Uno dei motivi per cui la crisi economica è così condizionante è perché si fronteggia con una crisi abissale della politica, che ha perso il significato vero e profondo del servizio e sembra non aver più nulla di costruttivo da dire, perché orfana di un progetto culturale. Solo recuperando e rilanciando la matrice culturale e antropologica in cui ci riconosciamo, solo lottando con tutte le forze nella convinzione che è ancora possibile realizzare il sogno di una società giusta, onesta, da lasciare alle generazioni future, possiamo far risalire il nostro Paese dalla china dello scoramento ed anche, ne sono convinta, restituire speranza e motivi di fiducia nel futuro, elementi base anche per la crescita e la ripresa economica.
Non è possibile, inoltre, oggi, nascondere i gravi pericoli a cui alcune tendenze culturali vorrebbero orientare le legislazioni e, di conseguenza, i comportamenti delle future generazioni.
Domina un certo relativismo culturale che teorizza e difende il pluralismo etico, che sancisce la decadenza della ragione e dei principi a fondamento della legge morale naturale. Questa tendenza genera spesso dichiarazioni pubbliche in cui si sostiene che il pluralismo etico è la condizione per la democrazia. Assistiamo così, da un lato, a rivendicazioni di cittadini circa la totale autonomia per le proprie scelte morali, dall’altro, alla formulazione di leggi che prescindono dai principi dell’etica naturale da parte di legislatori che ritengono di rispettare tale libertà di scelta, assecondando certi orientamenti culturali o morali transitori, come se si potesse assumere un atteggiamento di indifferenza di fronte a scelte opposte, come se tutte le possibili concezioni della vita avessero uguale valore.

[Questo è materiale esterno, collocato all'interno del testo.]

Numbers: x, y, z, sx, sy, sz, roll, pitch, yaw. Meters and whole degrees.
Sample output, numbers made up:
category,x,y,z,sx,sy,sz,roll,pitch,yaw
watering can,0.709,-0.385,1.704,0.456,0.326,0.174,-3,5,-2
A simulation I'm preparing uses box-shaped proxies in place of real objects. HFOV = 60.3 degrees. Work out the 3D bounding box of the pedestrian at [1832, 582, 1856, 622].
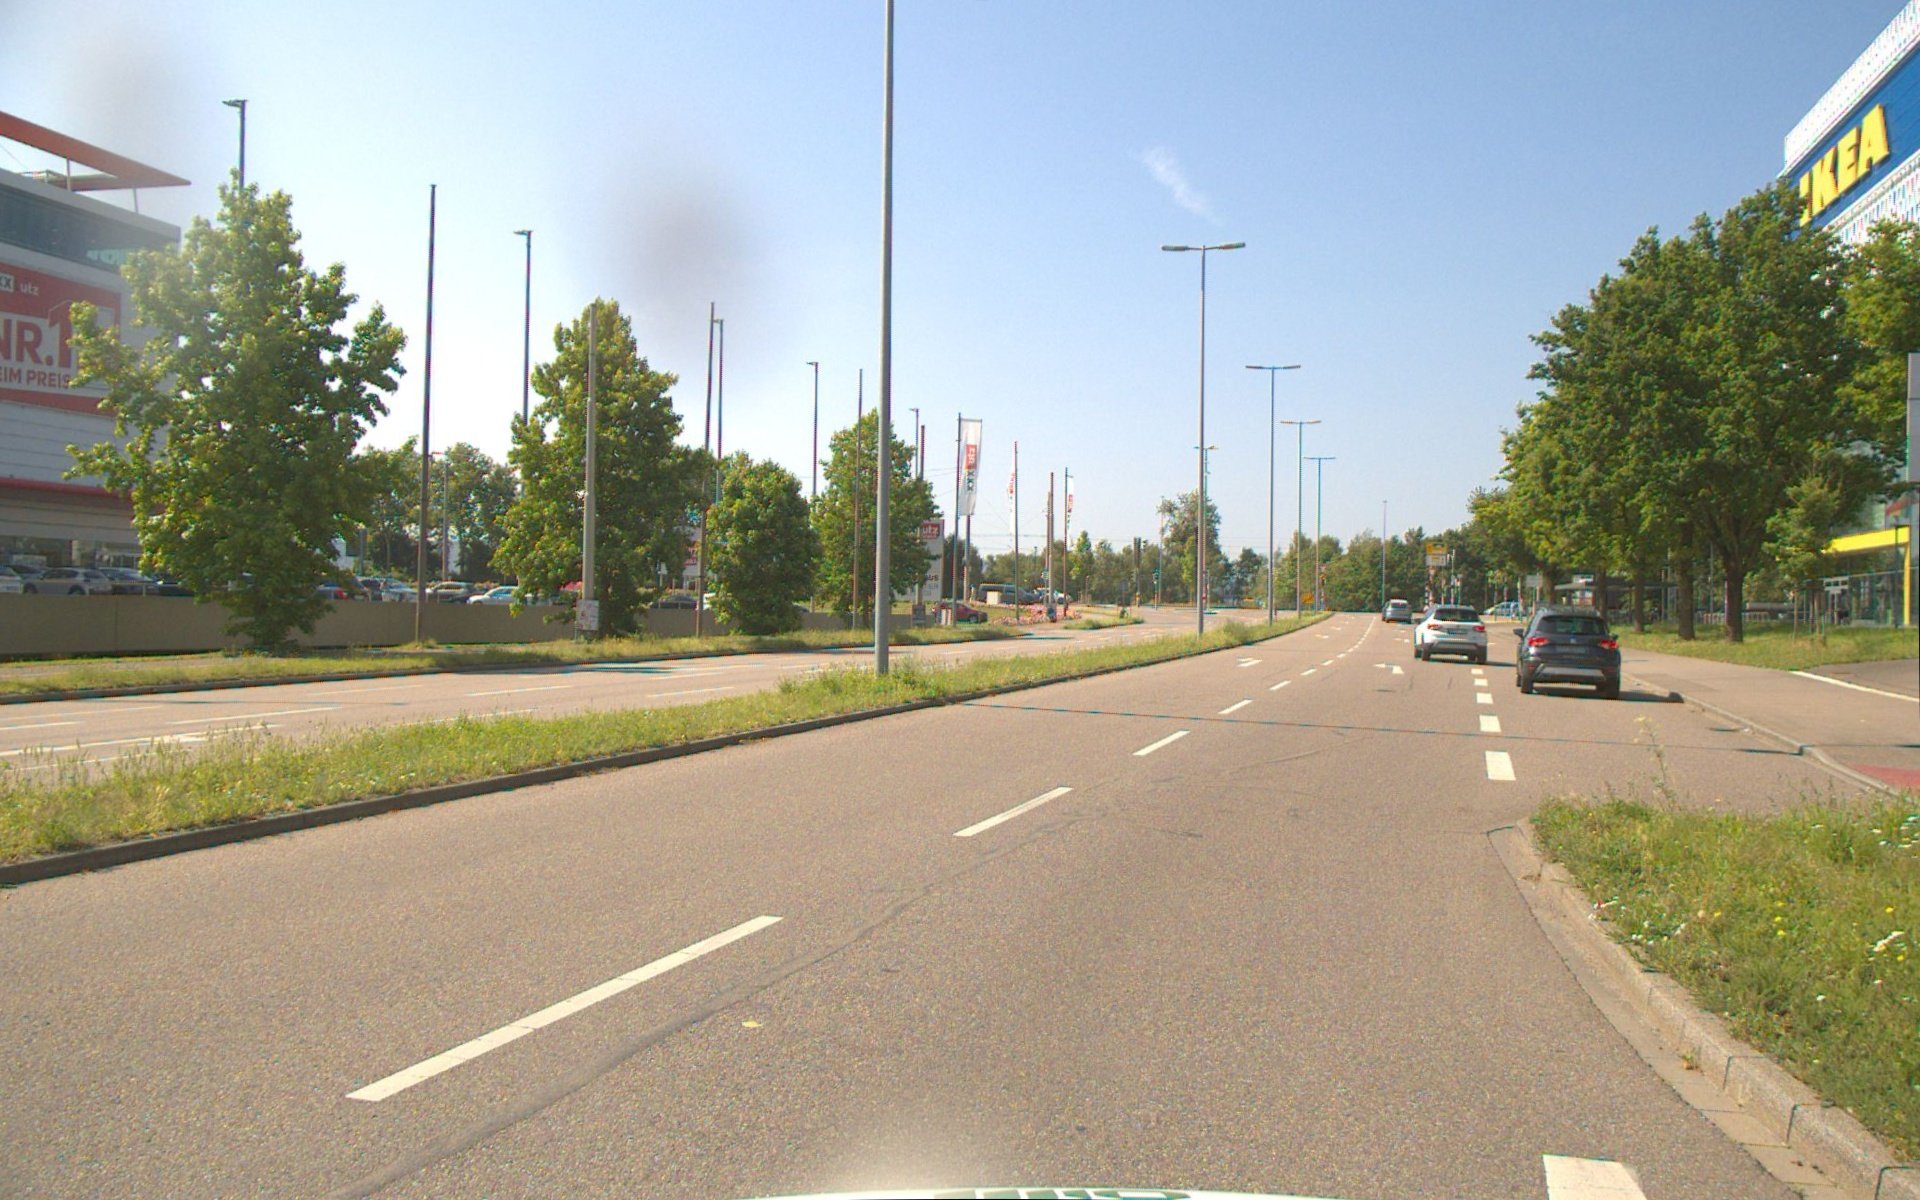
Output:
category,x,y,z,sx,sy,sz,roll,pitch,yaw
pedestrian,36.746,0.077,68.722,0.673,1.640,0.772,0,0,11

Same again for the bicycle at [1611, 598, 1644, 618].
category,x,y,z,sx,sy,sz,roll,pitch,yaw
bicycle,38.382,0.477,95.146,1.721,1.115,0.452,0,0,15

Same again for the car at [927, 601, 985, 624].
category,x,y,z,sx,sy,sz,roll,pitch,yaw
car,-0.305,0.945,124.563,4.094,1.634,1.828,1,-1,10

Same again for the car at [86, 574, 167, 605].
category,x,y,z,sx,sy,sz,roll,pitch,yaw
car,-38.064,-0.485,75.522,3.021,1.353,1.517,1,-1,13

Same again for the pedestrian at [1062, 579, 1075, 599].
category,x,y,z,sx,sy,sz,roll,pitch,yaw
pedestrian,9.122,-0.931,139.482,0.823,1.737,0.905,0,0,26

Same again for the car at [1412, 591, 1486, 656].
category,x,y,z,sx,sy,sz,roll,pitch,yaw
car,13.483,0.608,45.779,1.596,1.524,3.874,1,3,11

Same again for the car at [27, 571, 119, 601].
category,x,y,z,sx,sy,sz,roll,pitch,yaw
car,-38.983,-0.610,72.678,3.424,1.220,1.481,1,-1,13

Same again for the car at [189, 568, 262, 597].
category,x,y,z,sx,sy,sz,roll,pitch,yaw
car,-36.552,-0.883,82.328,3.021,1.353,1.517,1,-1,13

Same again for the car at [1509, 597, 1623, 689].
category,x,y,z,sx,sy,sz,roll,pitch,yaw
car,11.196,0.747,30.733,1.634,1.550,3.379,2,1,15

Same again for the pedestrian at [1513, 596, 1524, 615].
category,x,y,z,sx,sy,sz,roll,pitch,yaw
pedestrian,47.081,0.435,139.466,0.757,1.537,1.007,1,1,25

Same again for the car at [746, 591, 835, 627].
category,x,y,z,sx,sy,sz,roll,pitch,yaw
car,-9.056,0.478,88.559,4.318,1.875,1.947,1,-1,14

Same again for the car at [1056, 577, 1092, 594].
category,x,y,z,sx,sy,sz,roll,pitch,yaw
car,10.877,-1.364,158.253,3.272,1.526,1.411,1,-1,11

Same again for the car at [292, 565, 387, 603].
category,x,y,z,sx,sy,sz,roll,pitch,yaw
car,-18.635,-0.486,49.698,2.459,1.078,1.072,1,-1,12

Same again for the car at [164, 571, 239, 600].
category,x,y,z,sx,sy,sz,roll,pitch,yaw
car,-36.768,-0.688,80.203,3.022,1.316,1.517,1,-1,14

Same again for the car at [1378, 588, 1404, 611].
category,x,y,z,sx,sy,sz,roll,pitch,yaw
car,30.431,-0.070,116.929,1.670,1.600,4.178,0,0,13

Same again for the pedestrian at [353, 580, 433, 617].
category,x,y,z,sx,sy,sz,roll,pitch,yaw
pedestrian,-33.214,-0.060,96.876,1.967,2.049,3.971,0,-1,45

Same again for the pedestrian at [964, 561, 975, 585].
category,x,y,z,sx,sy,sz,roll,pitch,yaw
pedestrian,0.839,-2.319,143.495,0.701,2.006,0.918,1,-1,19

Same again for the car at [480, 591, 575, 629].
category,x,y,z,sx,sy,sz,roll,pitch,yaw
car,-23.512,0.524,90.008,4.569,2.049,2.032,0,0,11

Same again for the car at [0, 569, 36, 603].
category,x,y,z,sx,sy,sz,roll,pitch,yaw
car,-40.255,-0.581,68.552,3.021,1.353,1.705,1,-1,13

Nello stesso tempo, invocando - a sproposito - il valore della tolleranza, a una buona parte dei cittadini, e particolarmente ai cattolici, si chiede di rinunciare a contribuire alla vita sociale e politica secondo la propria concezione antropologica della persona e del bene comune.

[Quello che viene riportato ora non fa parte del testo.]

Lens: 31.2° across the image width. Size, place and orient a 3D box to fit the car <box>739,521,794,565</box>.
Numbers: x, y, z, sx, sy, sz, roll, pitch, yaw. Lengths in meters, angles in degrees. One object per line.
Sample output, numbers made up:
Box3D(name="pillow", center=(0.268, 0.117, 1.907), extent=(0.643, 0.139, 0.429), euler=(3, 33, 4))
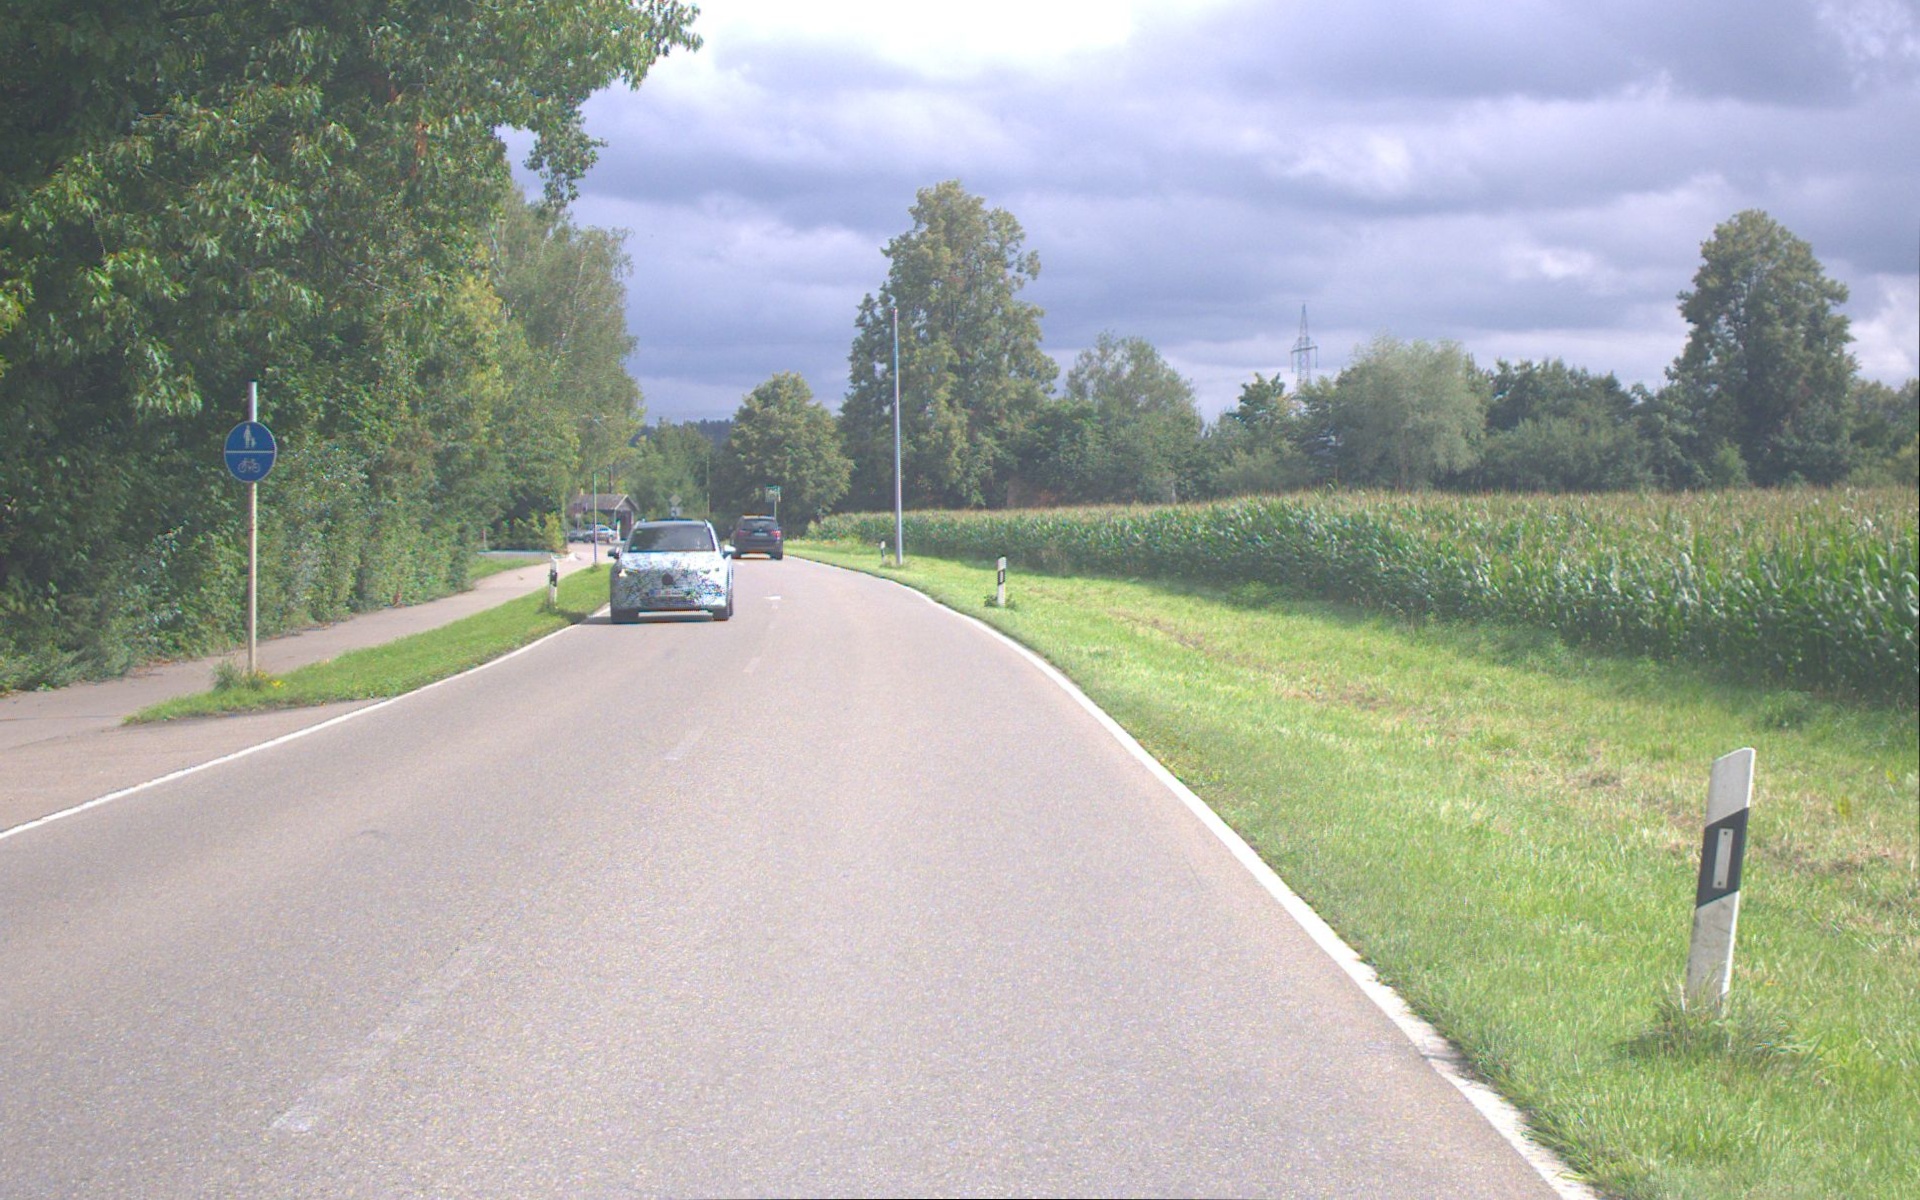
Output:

Noi non condividiamo la tesi relativista secondo cui non esiste una norma morale valida per tutti, radicata nella natura stessa dell’essere umano, al cui giudizio pensiamo invece si debba sottoporre ogni concezione dell’uomo, del bene comune e dello Stato.
Noi non ci riconosciamo in una concezione del pluralismo inteso come relativismo etico, dannoso per la stessa vita democratica, la quale necessita di fondamenti veri e solidi, di principi etici che, per la loro natura e per il loro ruolo di fondamento della vita sociale, sono, appunto, “non negoziabili”.

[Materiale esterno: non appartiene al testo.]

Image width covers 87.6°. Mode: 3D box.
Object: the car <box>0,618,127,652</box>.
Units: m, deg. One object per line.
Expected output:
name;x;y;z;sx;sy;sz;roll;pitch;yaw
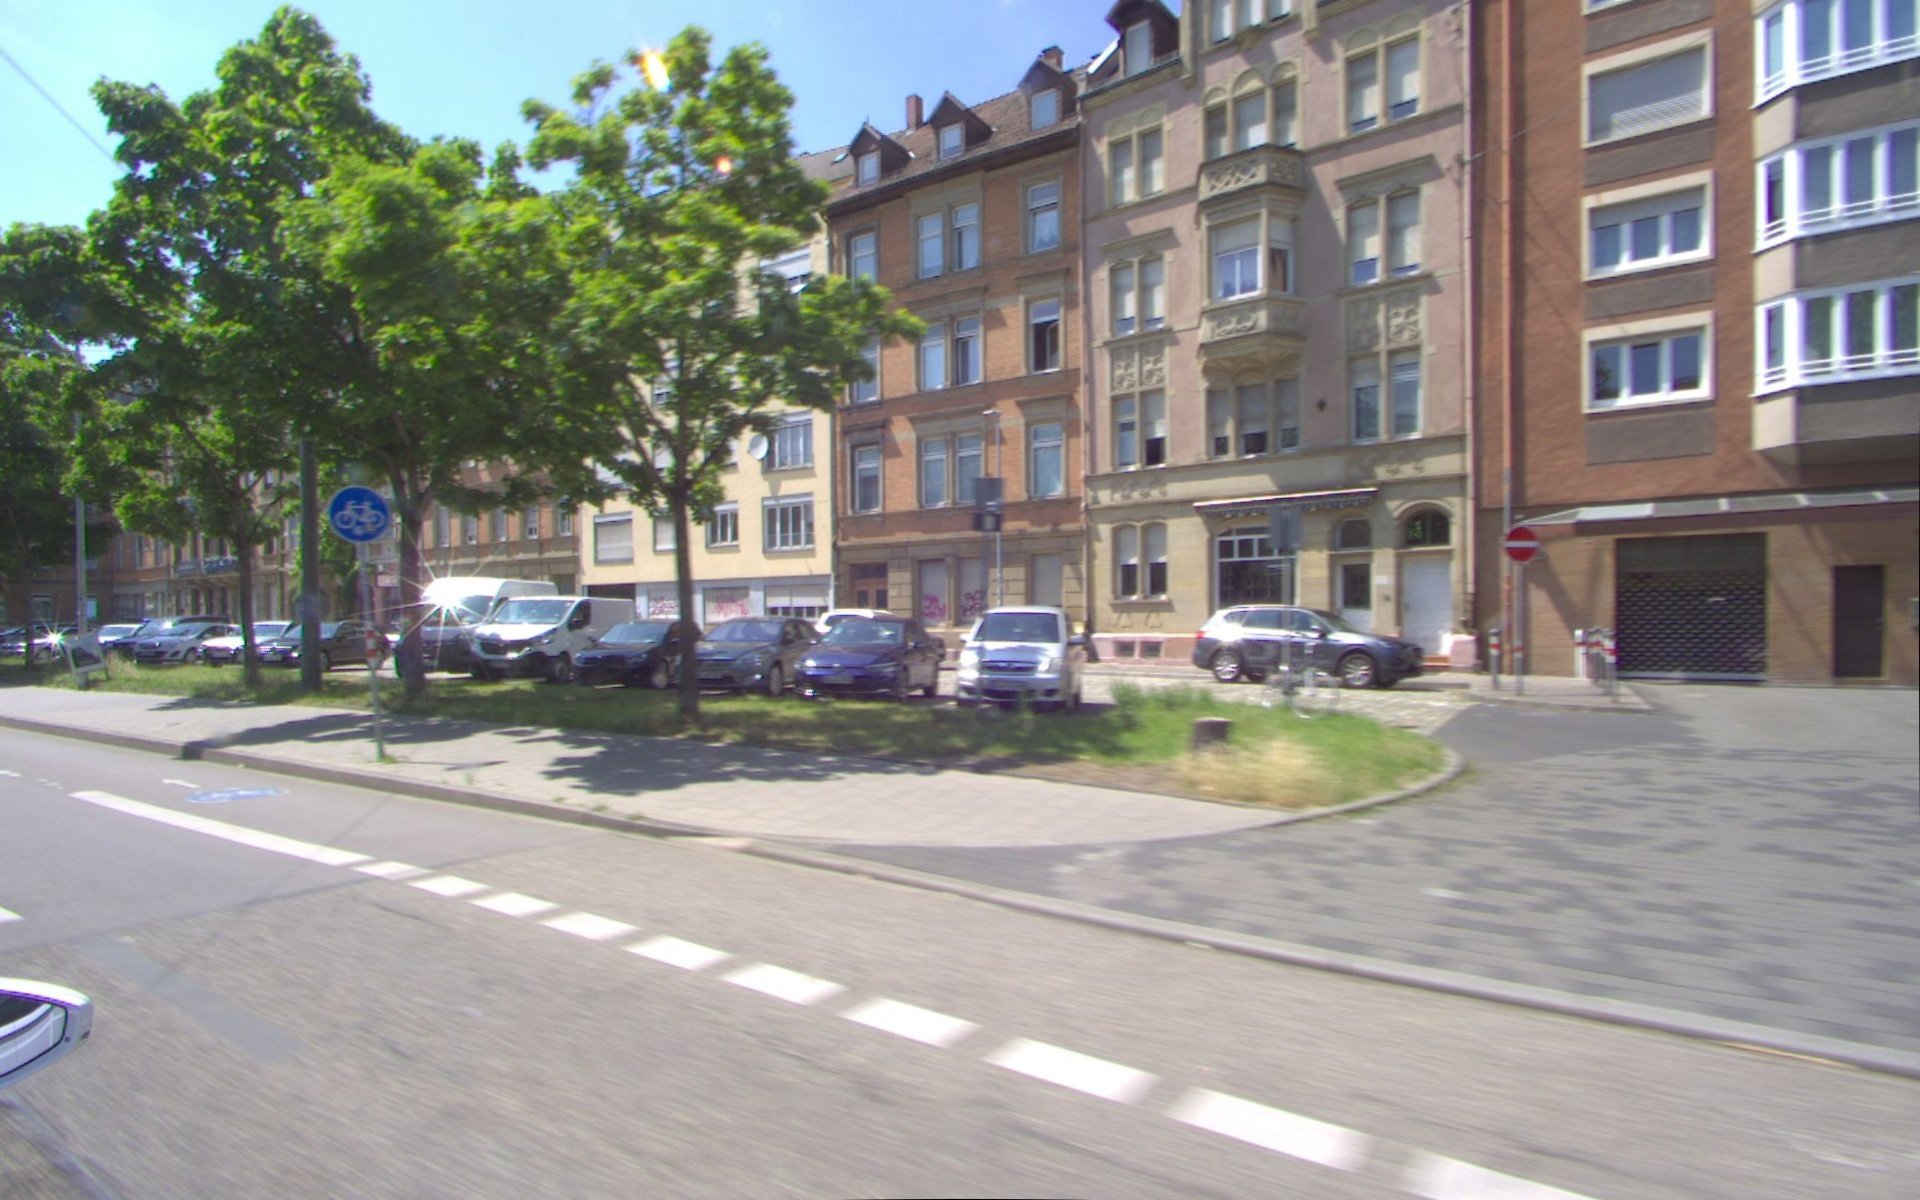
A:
car;-37.339;1.447;41.483;1.935;1.330;3.998;0;-1;13

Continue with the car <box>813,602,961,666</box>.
car;-2.110;0.958;28.563;3.944;1.705;1.815;-1;-1;34

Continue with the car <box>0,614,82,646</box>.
car;-41.937;1.343;44.534;1.552;1.394;4.348;0;-1;9

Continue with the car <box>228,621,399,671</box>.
car;-18.558;1.295;29.032;1.934;1.355;4.433;0;-1;3

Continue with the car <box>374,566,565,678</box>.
car;-12.000;0.566;25.036;2.194;2.492;5.553;0;-1;-2

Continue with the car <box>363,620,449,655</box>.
car;-23.612;1.568;42.663;3.665;1.438;1.775;-1;-2;34

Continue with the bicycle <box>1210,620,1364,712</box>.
bicycle;4.600;0.898;14.322;0.729;1.208;2.353;0;-1;-23

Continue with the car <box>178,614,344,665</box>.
car;-21.403;1.183;30.932;1.934;1.445;4.694;0;-1;-2

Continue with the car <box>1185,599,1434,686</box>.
car;7.246;0.855;21.045;4.547;1.621;1.984;-1;-2;42

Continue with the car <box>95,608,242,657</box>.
car;-28.913;1.178;36.749;1.934;1.683;4.000;0;-1;9

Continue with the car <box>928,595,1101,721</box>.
car;1.005;0.822;15.472;1.962;1.653;4.411;0;-1;13

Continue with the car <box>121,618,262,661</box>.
car;-26.529;1.338;34.741;1.679;1.418;4.001;0;-1;2

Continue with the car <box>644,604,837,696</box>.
car;-3.973;0.891;19.037;1.928;1.516;4.632;0;-1;11

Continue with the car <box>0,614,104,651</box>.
car;-39.753;1.393;43.280;1.763;1.488;4.093;0;-1;7

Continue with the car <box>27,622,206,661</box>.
car;-31.137;1.502;37.192;2.109;1.330;4.785;0;-2;13

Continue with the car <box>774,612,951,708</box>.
car;-1.496;0.951;16.943;1.790;1.417;3.998;0;-1;14

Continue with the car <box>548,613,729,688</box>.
car;-6.550;1.007;20.896;1.790;1.404;3.998;0;-1;14

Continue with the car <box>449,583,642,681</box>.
car;-9.273;0.716;22.954;2.036;1.998;4.849;0;-1;6

Forgiare la propria tempra e le tante qualità umane, sarebbe comunque vano, se non si avesse un porto verso cui dirigersi, una chiara visione della vita, una concezione antropologica e del futuro nella quale orientarsi, degli ideali irresistibili per cui affrontare con passione e discernimento il superamento di ogni difficoltà e infine se non si avessero degli obiettivi credibili da realizzare.
La nostra meta è il Bene Comune, fine e criterio regolativo della vita politica, contribuendo a creare “l’insieme di quelle condizioni della vita sociale che permettono ai gruppi, come ai singoli membri, di raggiungere la propria perfezione più pienamente e più speditamente”. Come riuscirci se non condividendo il comune terreno di dialogo naturalmente radicato nei principi non negoziabili?
Il significato politico dei principi non negoziabili ha a che fare con i loro contenuti. Si tratta, per limitarci ai principali, della vita, della famiglia e della libertà di educazione, ai quali si può aggiungere, per la sua importanza, quello della libertà religiosa. Questi principi sono imprescindibili, ossia non c’è società pienamente umana che non li contempli. Non si tratta di principi tematici particolari o singoli argomenti della politica. Certo sono anche questo e richiedono leggi e scelte politiche mirate, ma sono molto più di questo. Sono dei quadri di fondo con ricadute in tutta la vita sociale e politica, hanno un trasversalità generale per cui, quando non vengono rispettati, è l’intero corpo sociale a risentirne.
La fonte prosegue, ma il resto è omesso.